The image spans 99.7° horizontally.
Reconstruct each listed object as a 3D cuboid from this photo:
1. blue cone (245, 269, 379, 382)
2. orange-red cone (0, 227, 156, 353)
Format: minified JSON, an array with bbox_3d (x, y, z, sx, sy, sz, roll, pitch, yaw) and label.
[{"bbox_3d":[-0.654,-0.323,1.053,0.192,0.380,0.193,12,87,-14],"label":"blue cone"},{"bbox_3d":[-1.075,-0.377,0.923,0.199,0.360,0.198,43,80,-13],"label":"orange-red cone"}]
::::
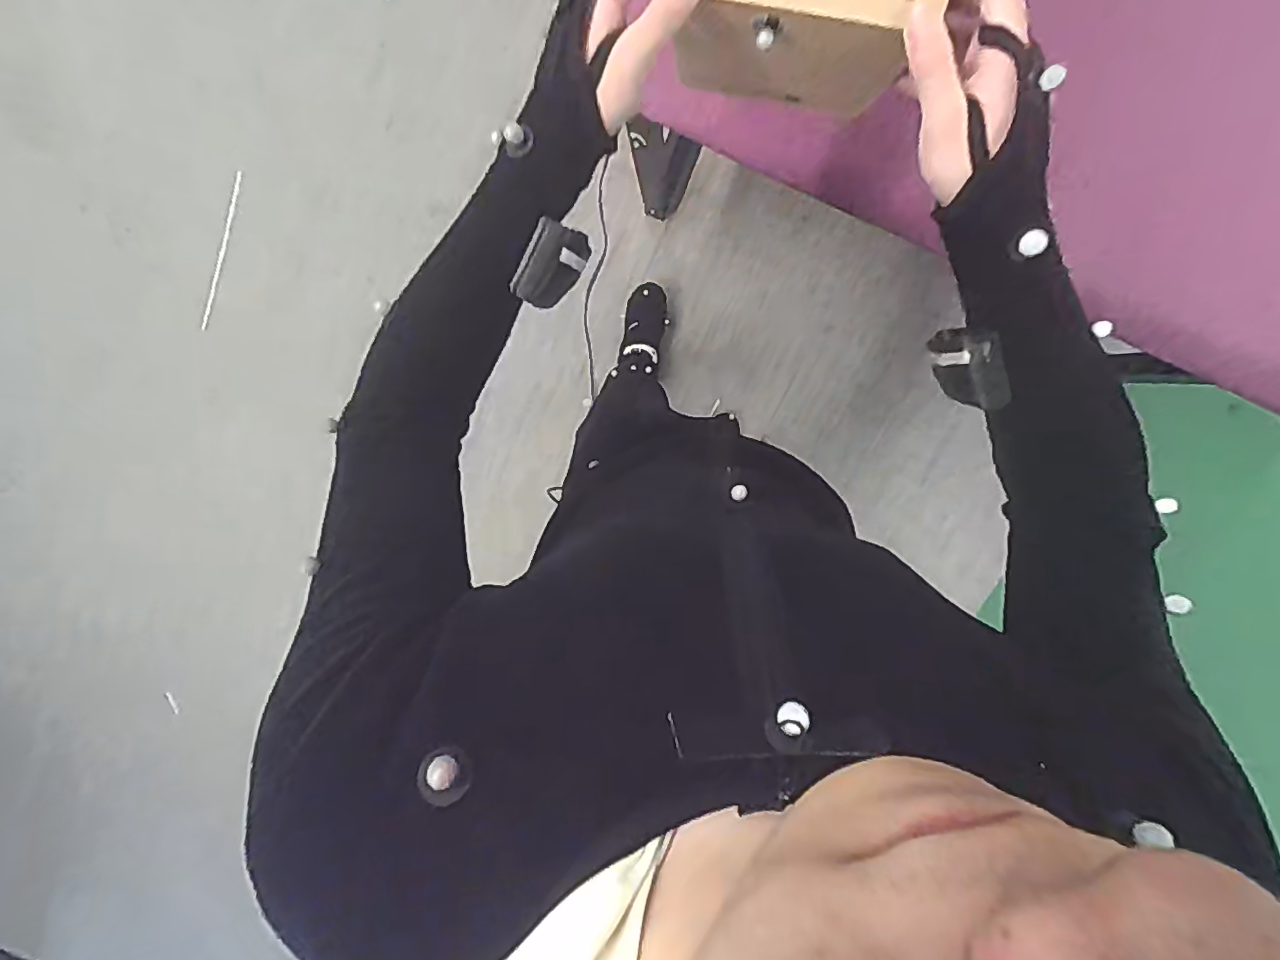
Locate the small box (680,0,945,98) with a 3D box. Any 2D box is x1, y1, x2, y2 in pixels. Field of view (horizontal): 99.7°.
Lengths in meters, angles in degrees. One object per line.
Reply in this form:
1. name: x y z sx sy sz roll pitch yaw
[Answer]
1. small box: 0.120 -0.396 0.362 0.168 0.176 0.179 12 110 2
::::
#### REQUIRED WORK:
Reproduce each line from the records that contains the word "object".

#### WORKED SOLUTION:
Reconstruct each listed object as a 3D cuboid from this photo:
Lengths in meters, angles in degrees. One object per line.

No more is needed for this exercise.